Incentivos de proveedores y práctica
Los patrones de práctica médica y el tratamiento recomendado para un paciente individual varían mucho y están determinados por varios factores diferentes. La edad del médico, el tamaño de la práctica, el entorno de práctica, la capacitación del médico, la población de pacientes y otros factores ayudan a determinar estos patrones. La preferencia del paciente también puede jugar un papel.

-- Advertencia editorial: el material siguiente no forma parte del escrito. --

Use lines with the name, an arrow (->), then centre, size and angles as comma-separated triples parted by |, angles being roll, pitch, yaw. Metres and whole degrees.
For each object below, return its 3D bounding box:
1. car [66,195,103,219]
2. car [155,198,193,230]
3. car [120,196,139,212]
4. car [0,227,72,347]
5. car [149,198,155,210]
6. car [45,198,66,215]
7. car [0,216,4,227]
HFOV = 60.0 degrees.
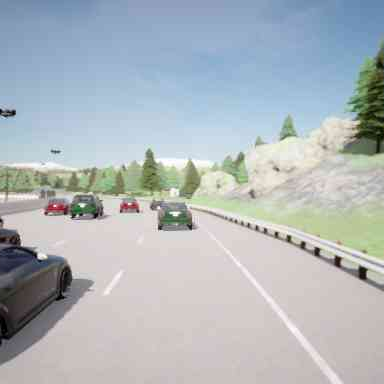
car -> -9.218, 1.241, 29.475 | 2.150, 2.045, 5.566 | 0, 0, -8
car -> -1.187, 1.355, 21.550 | 2.097, 1.767, 4.553 | 0, 0, -6
car -> -7.243, 1.367, 38.565 | 2.097, 1.767, 4.553 | 0, 0, -10
car -> -3.593, 1.571, 5.697 | 1.994, 1.385, 4.181 | 0, 0, -2
car -> -4.349, 1.501, 41.983 | 2.128, 1.511, 4.902 | 0, 0, -11
car -> -13.557, 1.380, 34.227 | 2.097, 1.767, 4.553 | 0, 0, -10
car -> -7.323, 1.579, 10.757 | 1.994, 1.385, 4.181 | 0, 0, -3

Fragmentación de la atención
Una buena coordinación de la atención es especialmente importante para una población que enfrenta una gran cantidad de enfermedades crónicas. Un solo paciente con múltiples enfermedades crónicas puede ver varios proveedores. En el sistema actual, es muy probable que esos proveedores no hablen entre sí; de hecho, es posible que ni siquiera se den cuenta de que comparten un paciente.
Negligencia médica
Aunque las estimaciones oficiales del costo de la medicina defensiva (la práctica de proporcionar cuidados excesivos para mejorar el potencial de responsabilidad) no son particularmente grandes, 14 la negligencia médica todavía vale la pena mencionar en una conversación sobre los costos de salud. Se asume que el temor a las demandas hace que los proveedores ofrezcan servicios y pruebas innecesarios para protegerse de demandas judiciales.